I am doing literature review, so I am trying to get the list of papers under certain search terms in Google scholar. I have trouble getting the PDF links when available. Some references have PDFs, some do not, and others have up to two. I am interested in only the first one.
The nodes with the PDFs are located here ".gs_or_ggsm a", the problem is that when I try to get such information with:
PDFs <- page %>% html_nodes(".gs_or_ggsm a")%>% html_attr("href")
or
PDFs <- page %>% rvest::html_nodes(".gs_or_ggsm a") %>%
rvest::html_attr("href") %>%
.[startsWith(., "https://")] %>%
.[!startsWith(., "/scholar?")]
...the number of rows I get do not match the number of references. Is there a way to get NA for references with no PDFs, and for the others collect only the first one?
In the image below is an example for a full reference.
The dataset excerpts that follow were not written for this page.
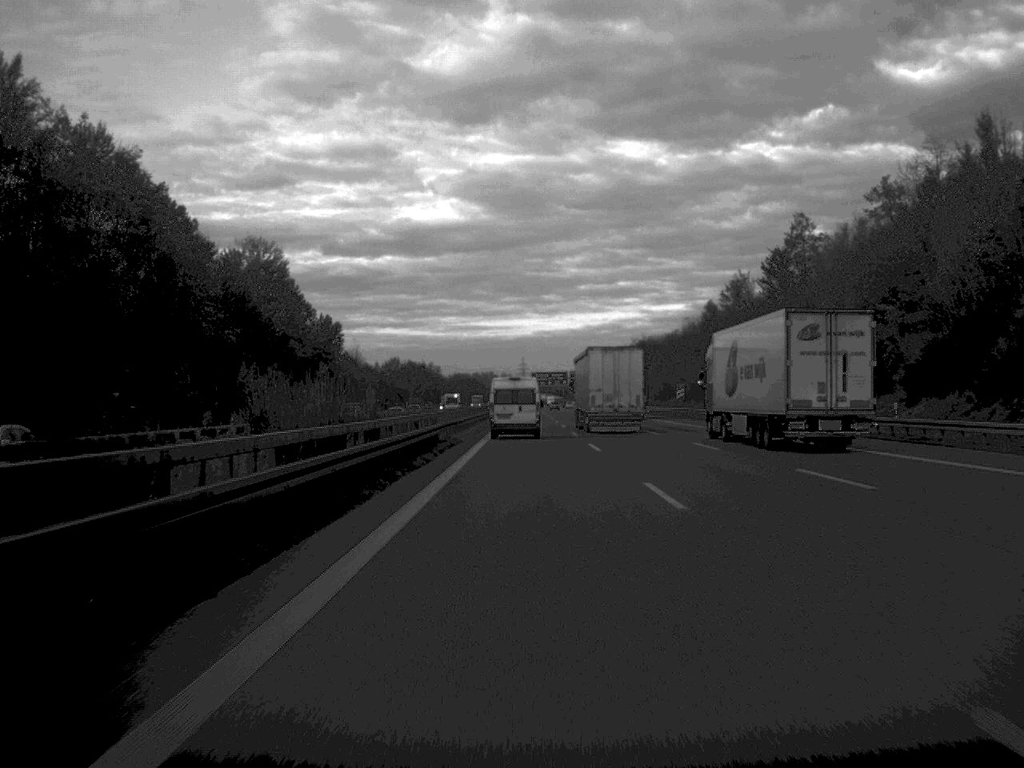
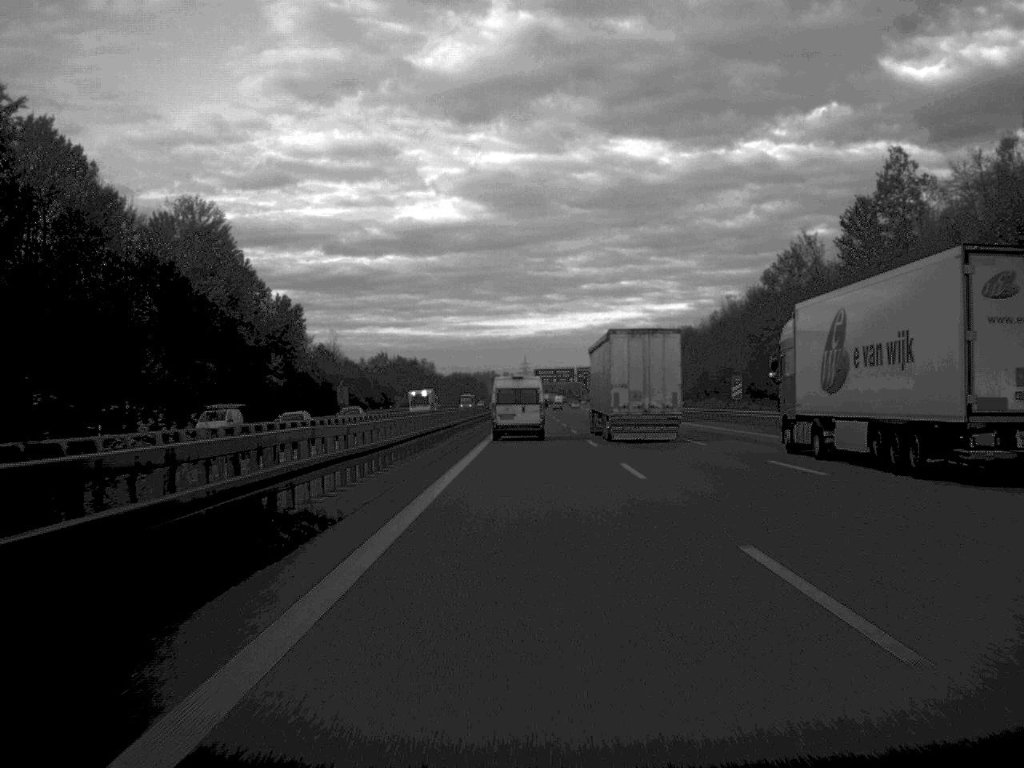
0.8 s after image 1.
(0.0, +32.5) m; 0°
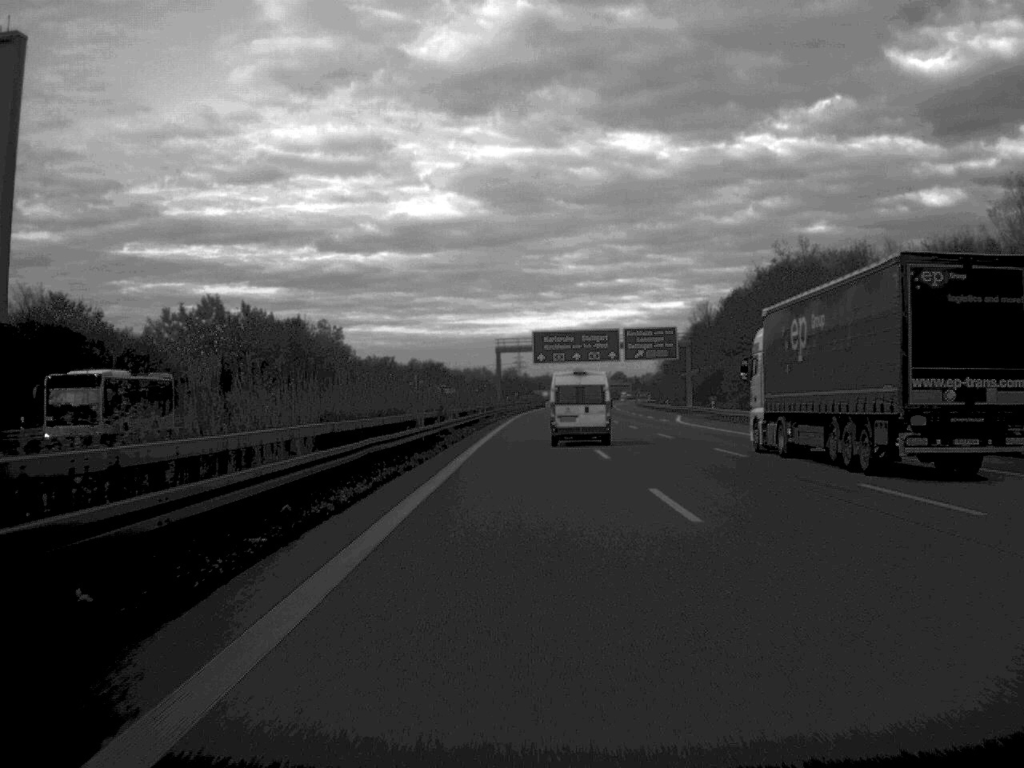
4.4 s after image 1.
(+0.4, +152.0) m; 0°
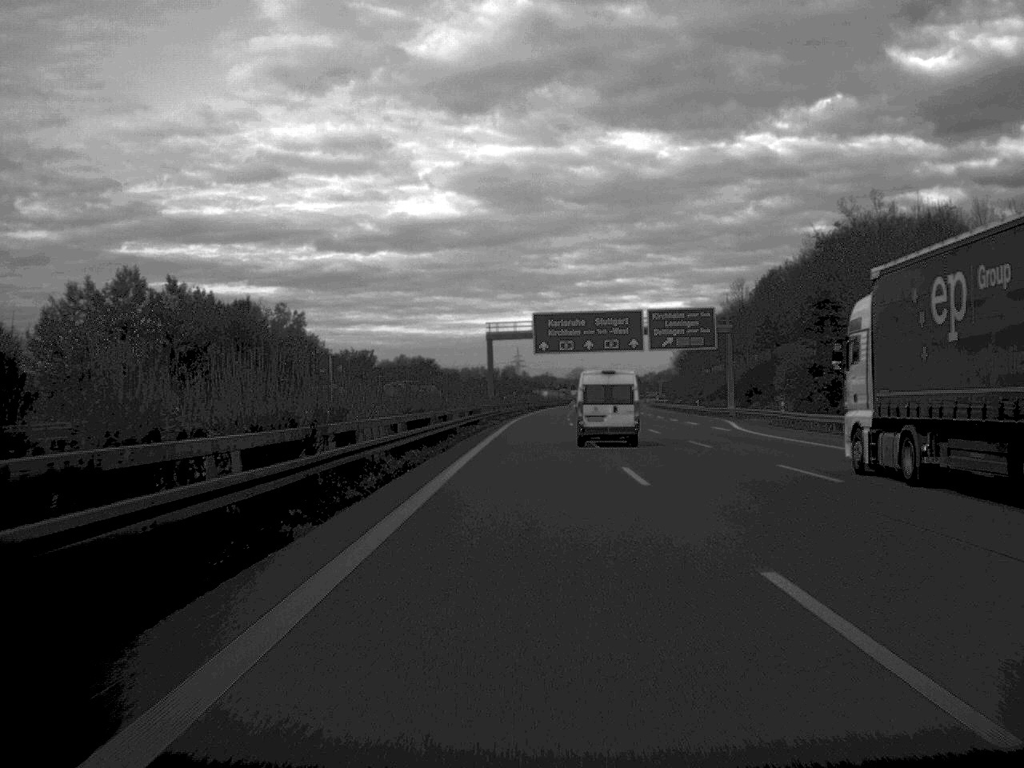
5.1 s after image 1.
(0.0, +28.5) m; 0°
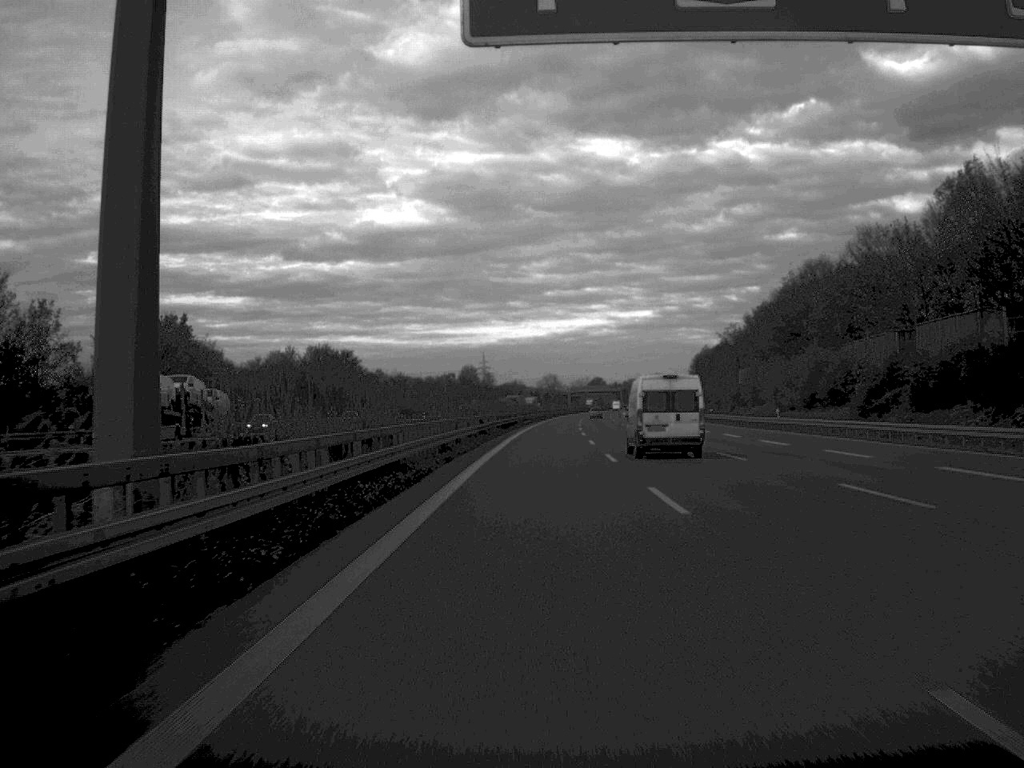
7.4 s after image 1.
(+1.0, +94.1) m; +2°
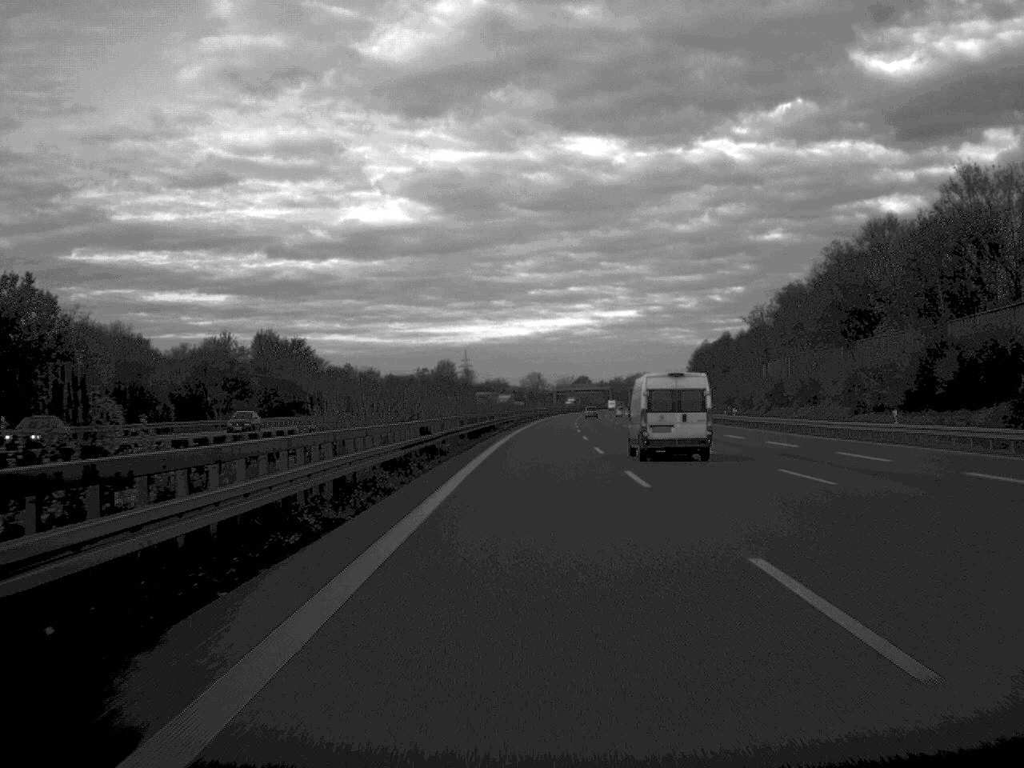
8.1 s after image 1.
(+0.2, +29.9) m; +1°
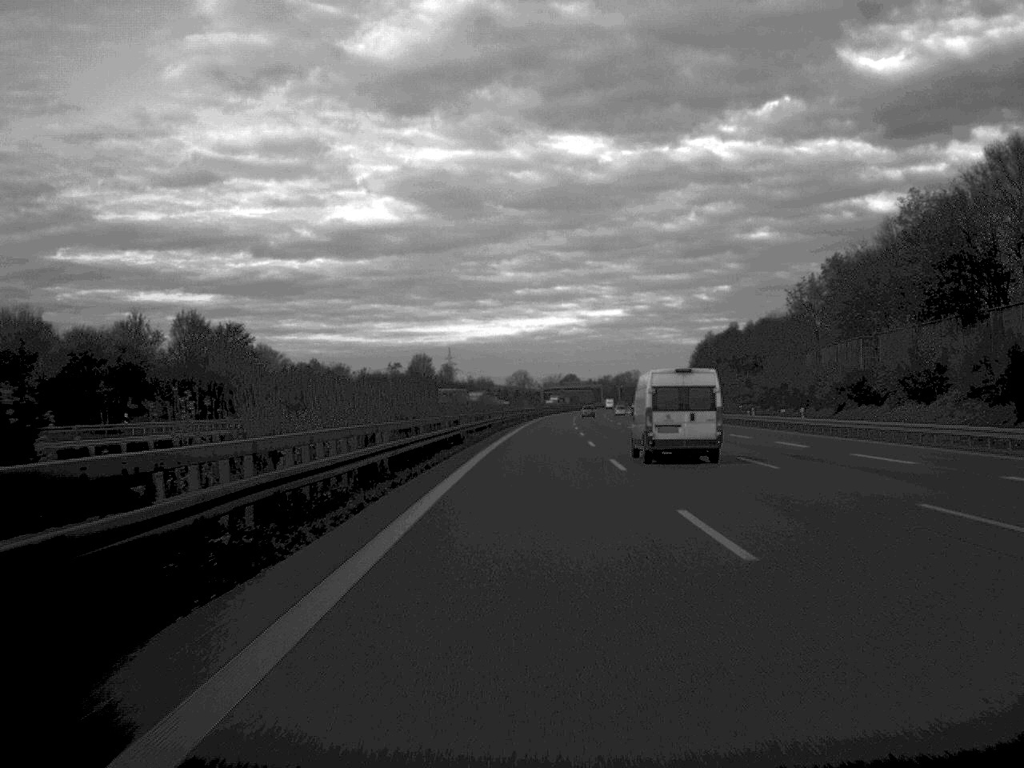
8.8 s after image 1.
(+0.2, +30.2) m; +1°

Note the nesteness of the nodes, and how there are two href at the end. I would need only the one in blue.
library(tidyverse)
library(RSelenium)
library(rvest)
library(httr)
library(netstat)
TERM="Eriophyidae"
rD <- rsDriver(browser = "firefox",
chromever = NULL,
port = free_port())
remDr <- rD$client
# Function to extract data from a page
extract_data <- function(page_source) {
page <- read_html(page_source)
titles <- page %>% html_nodes(".gs_rt") %>% html_text()
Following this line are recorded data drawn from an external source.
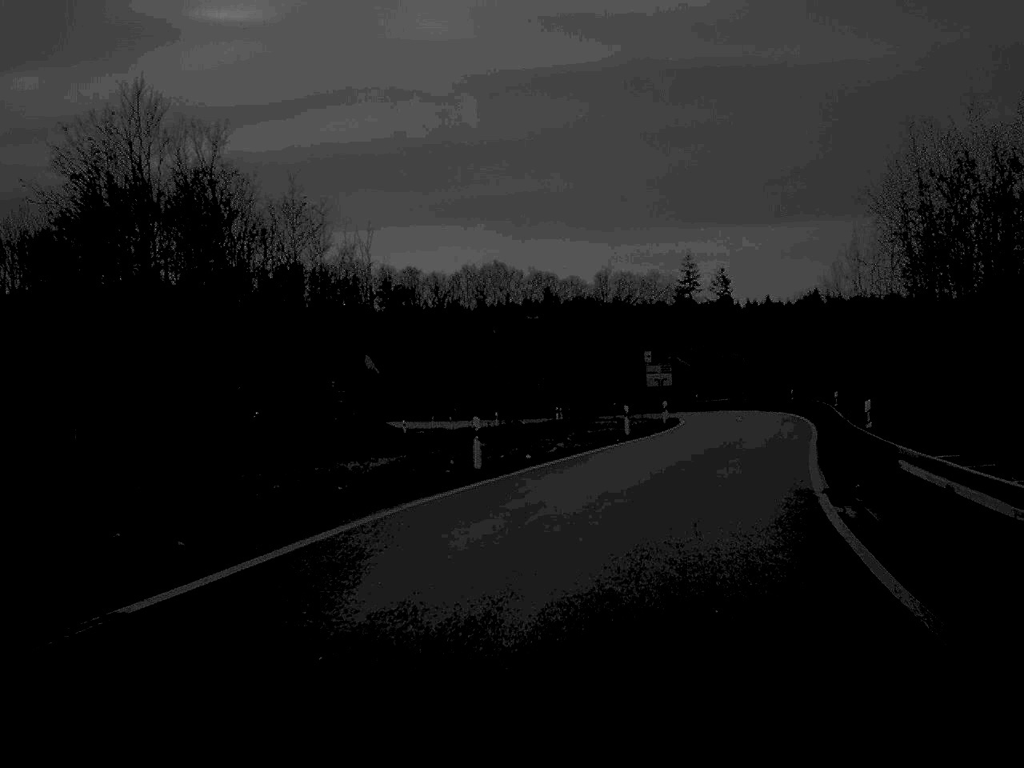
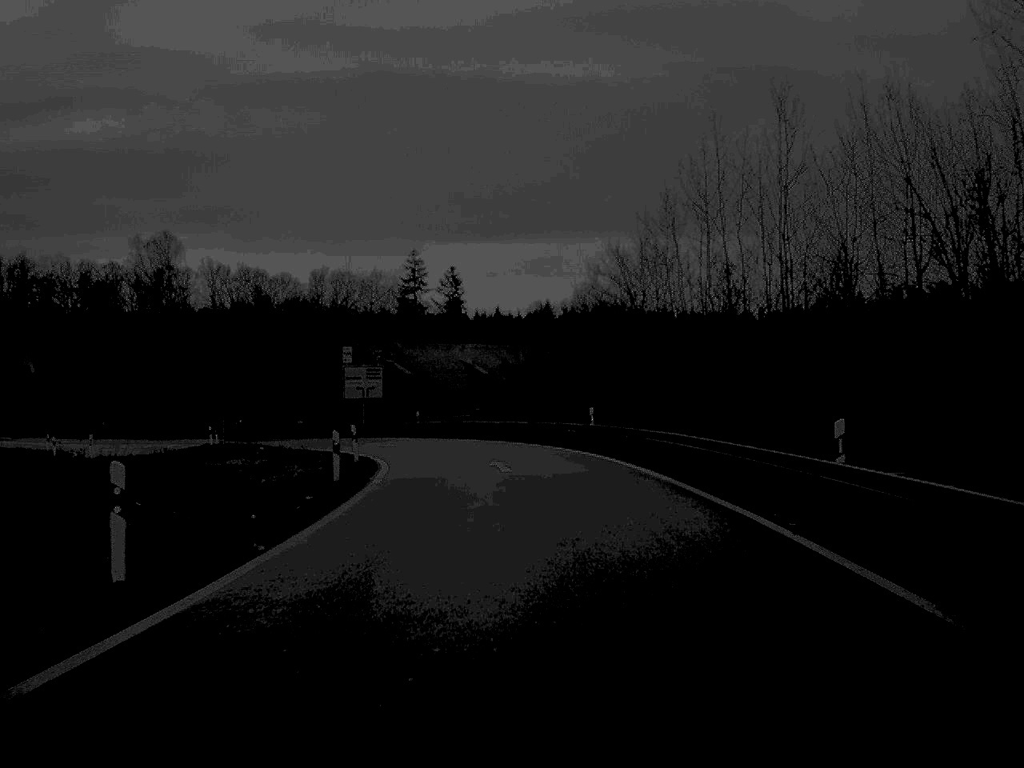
(+4.4, +32.9) m; +12°
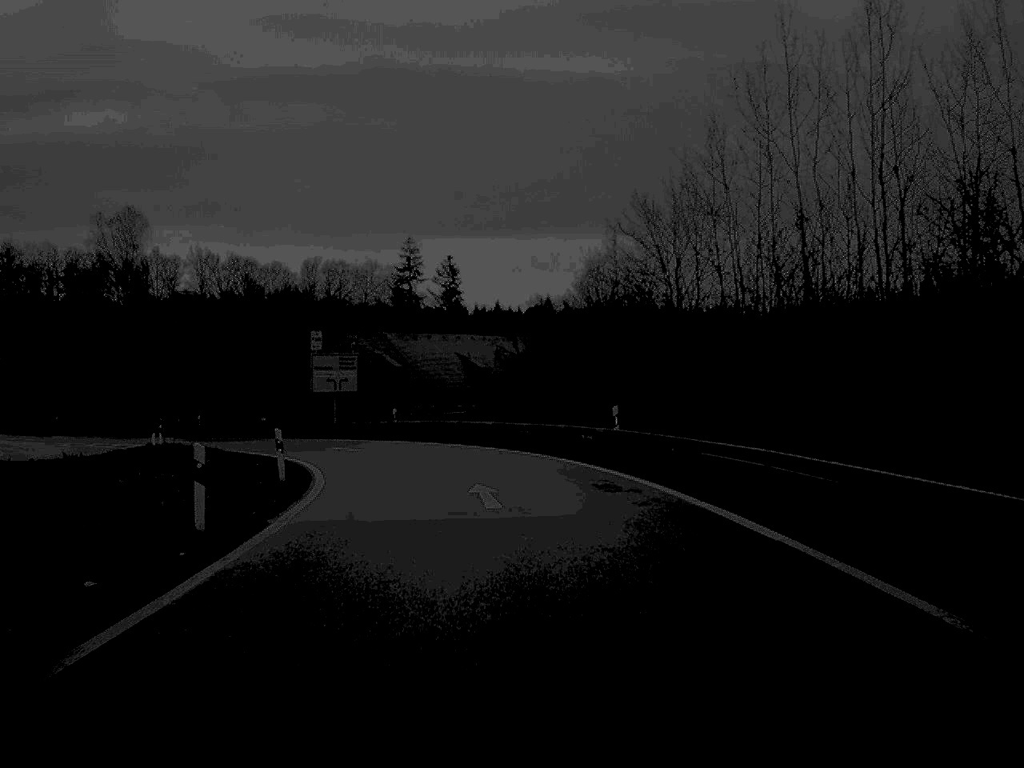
(0.0, +10.7) m; 0°
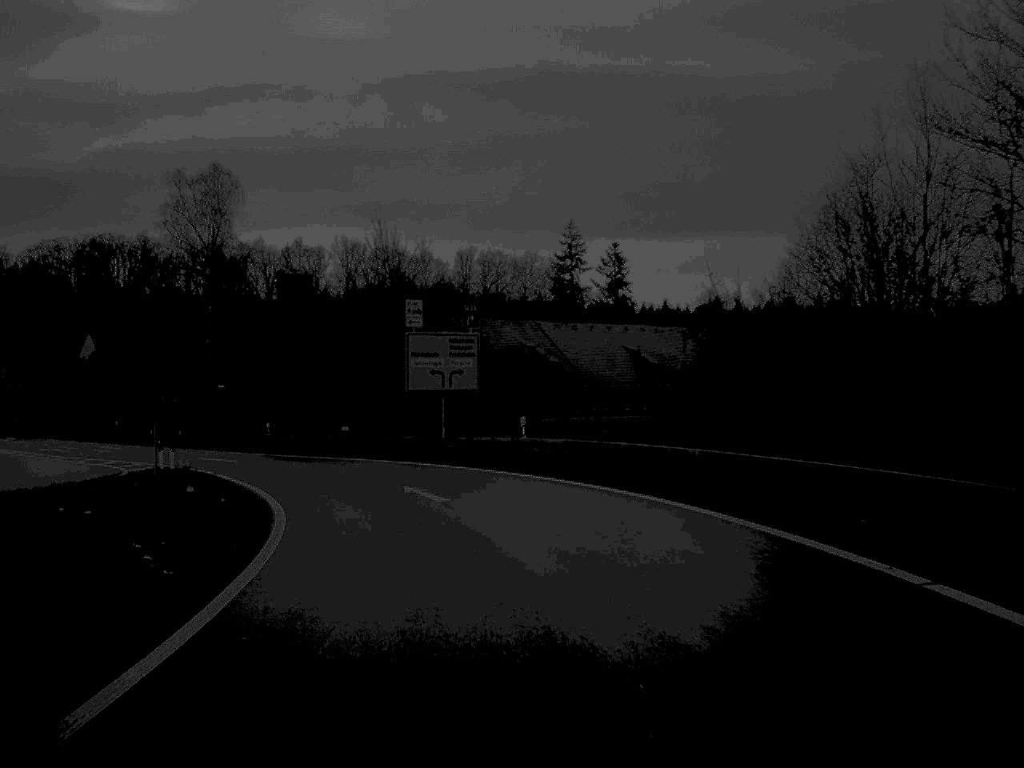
(-1.1, +20.5) m; -8°

authors <- page %>% html_nodes(".gs_a") %>% html_text()
years <- str_extract(authors, "\\d{4}")
authors <- str_replace(authors, "\\d{4}", "")
urls <- page %>% html_nodes(".gs_rt a") %>% html_attr("href")
# PDFs <- page %>% html_nodes(".gs_or_ggsm a")%>% html_attr("href") #This is the line with a problem
data.frame(Title_name = titles, Author_Names = authors, Year_Publication = years, Title_URL = urls )#, PDF=PDF)
}
# Function to search for a specific term on Google Scholar
search_google_scholar <- function(term) {
tryCatch({
remDr$navigate("https://scholar.google.com/")
search_box <- remDr$findElement("css", "#gs_hdr_tsi")
search_box$sendKeysToElement(list(term, key="enter"))
Sys.sleep(5) # Allow time for page to load
pages <- 2 # Number of pages to scrape
results <- data.frame()
for (page in 1:pages) {
page_source <- remDr$getPageSource()[[1]]
page_data <- extract_data(page_source)
results <- rbind(results, page_data)
next_button <- remDr$findElement("css", "#gs_n a")
if (length(next_button) == 0) {
break
} else {
next_button$clickElement()
Sys.sleep(5) # Allow time for page to load
}
}
return(results)
}, error = function(e) {
message("An error occurred: ", conditionMessage(e))
NULL
})
}
search_results <- search_google_scholar(TERM)
# Close the browser
remDr$close()
# Stop the Selenium server
rD$server$stop()